A user, having downloaded public data from a government agency or a third-party (a news outlet, a library, or an open data portal), wants to verify that the data is legitimate -- untampered and provably released by said agency.

Data Seal provides a "clearinghouse" system by which a user can upload a suspect file and determine it's legitimacy.

Technical users and other organizations could also download the verification data (PGP signatures) and host them elsewhere, providing a distributed system and reducing the "single point of failure." The verification system utilizes OpenPGP, a well-studied open cryptographic standard.

Architecture

A basic Django application, configured and integrated with this fork of python-gnupg, a wrapper around the gnupg command-line client. The gist:

  1. The website is configured with its own PGP key at install time, with some identifier like "Department of X Authentication.io". (Or, we could do keys attached to the admin user's identity, but I think a website-specific key is somewhat easier to manage.)
  2. When an admin uploads a file, the server will create a detached signature for that file and store it in the database.
  3. When a user uploads a file to test authenticity, the detached signature is checked against their uploaded version, not the version uploaded by the admin.
  4. Advanced users could download the detached signature and public key and do their own checks, too.

Security concerns

We won't use our own login system. The Django framework has a well-documented login system, using the PBKDF2+SHA256 method for key strengthening (deliberately slowing down the rate at which a password can be hashed — and therefore brute forced, if a database leak occurs).

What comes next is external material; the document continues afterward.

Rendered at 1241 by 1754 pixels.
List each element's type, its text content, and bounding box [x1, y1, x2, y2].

A new PGP key will be generated for installations of this project. Existing keychains and keys should not be used, since the key data (and private key passwords) will not be strongly protected -- the PGP key password will be stored in the server's Django configuration, similar to how database passwords are handled in production. The PGP key should not have encrypt rights; it should only serve as a signing-only key. -- In fact, §2.5 of RFC4880 (OpenPGP) speaks of “Signature-Only Applications,” in that “it is reasonable for there to be subset implementations that are non-conformant only in that they omit encryption.”

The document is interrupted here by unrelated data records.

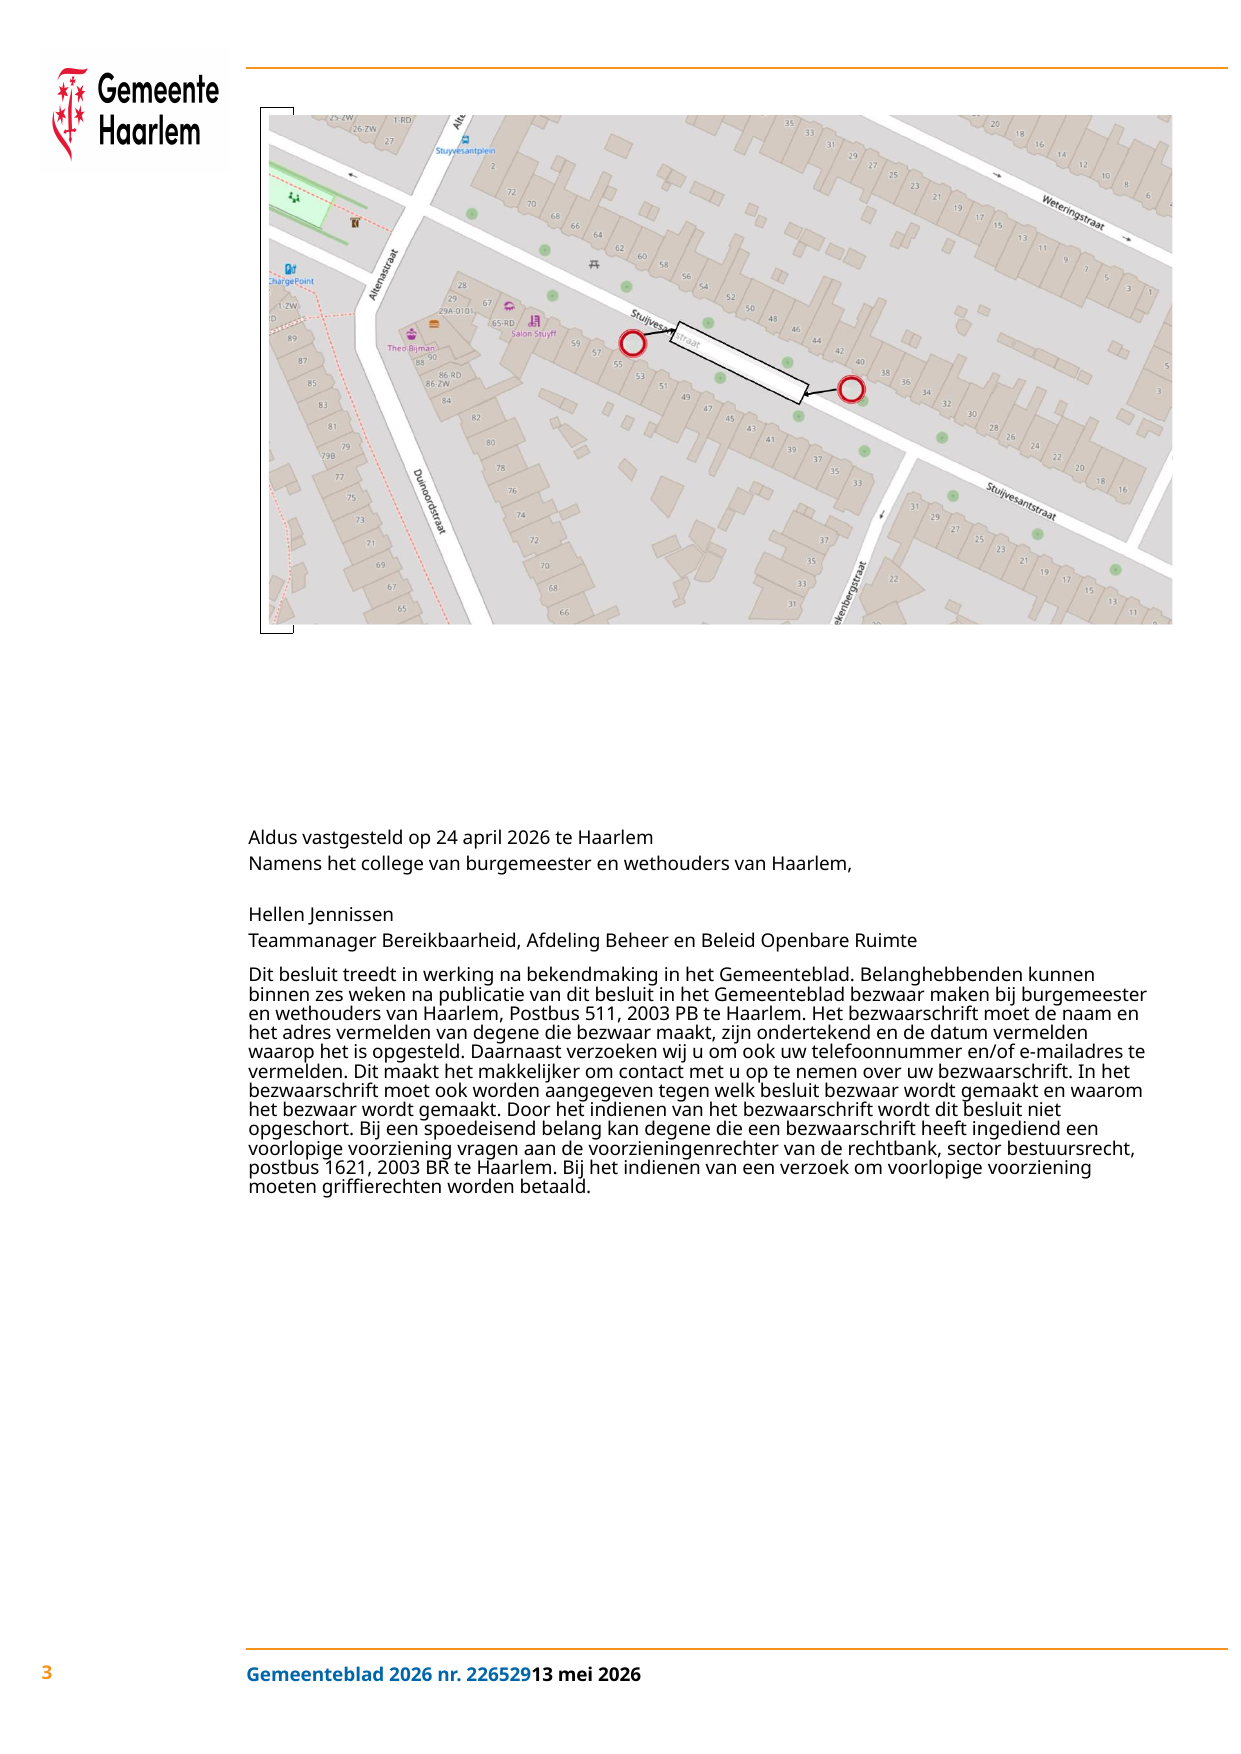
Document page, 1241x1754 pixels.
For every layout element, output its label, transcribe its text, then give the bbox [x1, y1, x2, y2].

picture [268, 115, 1173, 625]
text Dit besluit treedt in werking na bekendmaking in het Gemeenteblad. Belanghebbenden kunnen binnen zes weken na publicatie van dit besluit in het Gemeenteblad bezwaar maken bij burgemeester en wethouders van Haarlem, Postbus 511, 2003 PB te Haarlem. Het bezwaarschrift moet de naam en het adres vermelden van degene die bezwaar maakt, zijn ondertekend en de datum vermelden waarop het is opgesteld. Daarnaast verzoeken wij u om ook uw telefoonnummer en/of e-mailadres te vermelden. Dit maakt het makkelijker om contact met u op te nemen over uw bezwaarschrift. In het bezwaarschrift moet ook worden aangegeven tegen welk besluit bezwaar wordt gemaakt en waarom het bezwaar wordt gemaakt. Door het indienen van het bezwaarschrift wordt dit besluit niet opgeschort. Bij een spoedeisend belang kan degene die een bezwaarschrift heeft ingediend een voorlopige voorziening vragen aan de voorzieningenrechter van de rechtbank, sector bestuursrecht, postbus 1621, 2003 BR te Haarlem. Bij het indienen van een verzoek om voorlopige voorziening moeten griffierechten worden betaald. [248, 966, 1152, 1197]
text Teammanager Bereikbaarheid, Afdeling Beheer en Beleid Openbare Ruimte [248, 927, 1152, 953]
text Namens het college van burgemeester en wethouders van Haarlem, [248, 850, 1152, 875]
text Hellen Jennissen [248, 901, 1152, 927]
picture [41, 47, 231, 172]
text Aldus vastgesteld op 24 april 2026 te Haarlem [248, 824, 1152, 850]

Data Seal should be deployed with enforced SSL/TLS according to the latest best practices. (See here and here.) This is slightly outside of the scope of project development, but should be a requirement at install-time.

Architecture documentation

Other notes

Project requirements

The key words "MUST", "MUST NOT", "REQUIRED", "SHALL", "SHALL NOT", "SHOULD", "SHOULD NOT", "RECOMMENDED", "MAY", and "OPTIONAL" in this section are to be interpreted as described in RFC 2119.

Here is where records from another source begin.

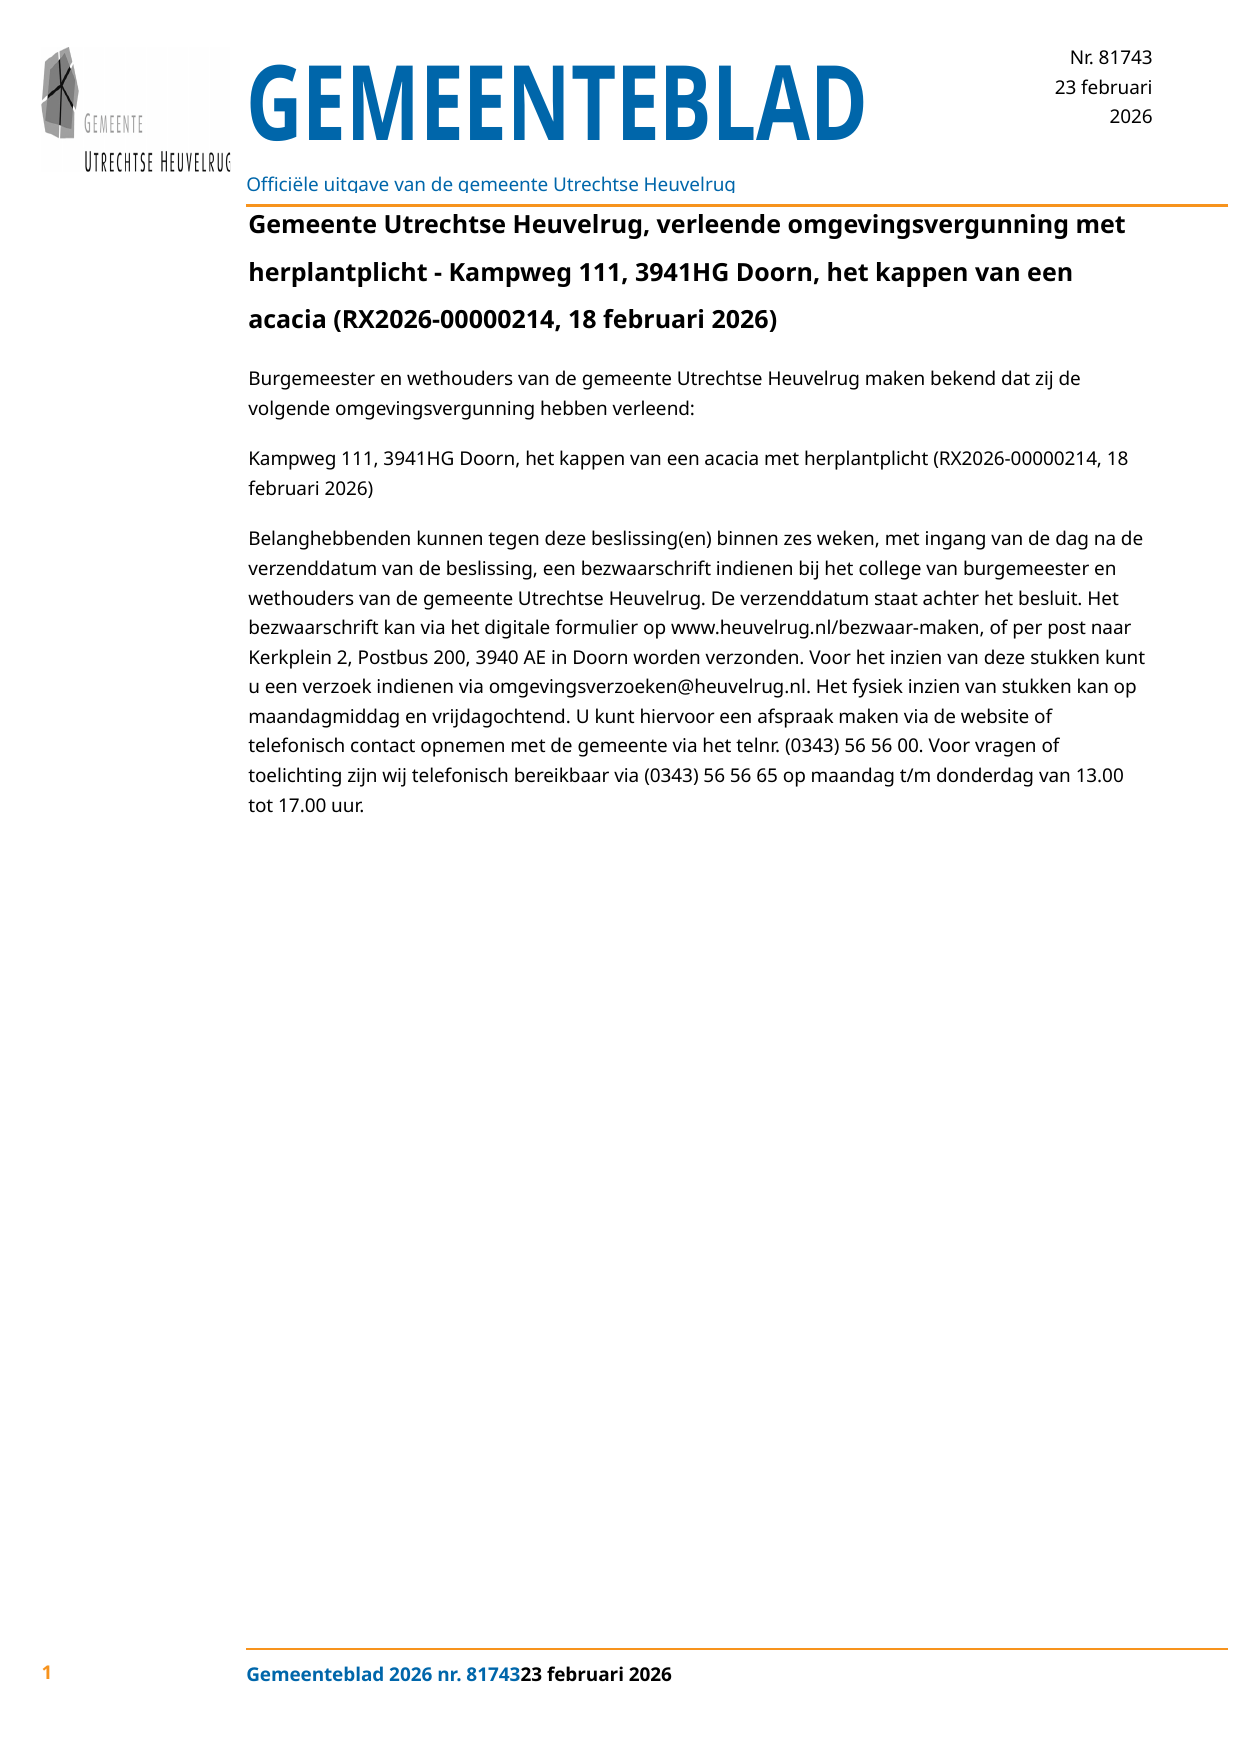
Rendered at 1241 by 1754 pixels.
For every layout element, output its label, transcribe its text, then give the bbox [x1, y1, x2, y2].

text Burgemeester en wethouders van de gemeente Utrechtse Heuvelrug maken bekend dat zij de volgende omgevingsvergunning hebben verleend: [248, 366, 1152, 421]
text Gemeente Utrechtse Heuvelrug, verleende omgevingsvergunning met herplantplicht - Kampweg 111, 3941HG Doorn, het kappen van een acacia (RX2026-00000214, 18 februari 2026) [248, 207, 1152, 336]
text Kampweg 111, 3941HG Doorn, het kappen van een acacia met herplantplicht (RX2026-00000214, 18 februari 2026) [248, 446, 1152, 501]
text Belanghebbenden kunnen tegen deze beslissing(en) binnen zes weken, met ingang van de dag na de verzenddatum van de beslissing, een bezwaarschrift indienen bij het college van burgemeester en wethouders van de gemeente Utrechtse Heuvelrug. De verzenddatum staat achter het besluit. Het bezwaarschrift kan via het digitale formulier op www.heuvelrug.nl/bezwaar-maken, of per post naar Kerkplein 2, Postbus 200, 3940 AE in Doorn worden verzonden. Voor het inzien van deze stukken kunt u een verzoek indienen via omgevingsverzoeken@heuvelrug.nl. Het fysiek inzien van stukken kan op maandagmiddag en vrijdagochtend. U kunt hiervoor een afspraak maken via de website of telefonisch contact opnemen met de gemeente via het telnr. (0343) 56 56 00. Voor vragen of toelichting zijn wij telefonisch bereikbaar via (0343) 56 56 65 op maandag t/m donderdag van 13.00 tot 17.00 uur. [248, 526, 1152, 817]
picture [41, 47, 231, 172]

"Administrator" is an individual at an agency with "superuser" access to add/remove other administrator or employee accounts.
"Employee" represents an average agency user of the product, who may manage data files/documents available on the service.
"Users" are normal, public visitors from the internet.

  • Employees must have some secure ability to log in to the service.
  • Employees must be able to upload data files and provide metadata about said files.
  • Employees must be able to edit file metadata and upload new versions of data files.
  • Employees must be able to remove files from the service.
  • Administrators must be able to add/remove/edit employee accounts
  • Administrators must have all access as employees
  • Users must be able to upload a data file to double-check that the file was actually released by the agency and has not been tampered with.
  • Advanced users should be able to retrieve file hash information or PGP signatures (depending on final implementation details).
  • User uploads should be rate-limited based on IP address or other clustering mechanism, so that a flood of uploads does not cause the service to become overloaded due to excessive PGP signature checks or file hash/checksum checks.

[TODO] Requirements during installation:

  • The installing administrator must have a way of setting up initial administrator user account.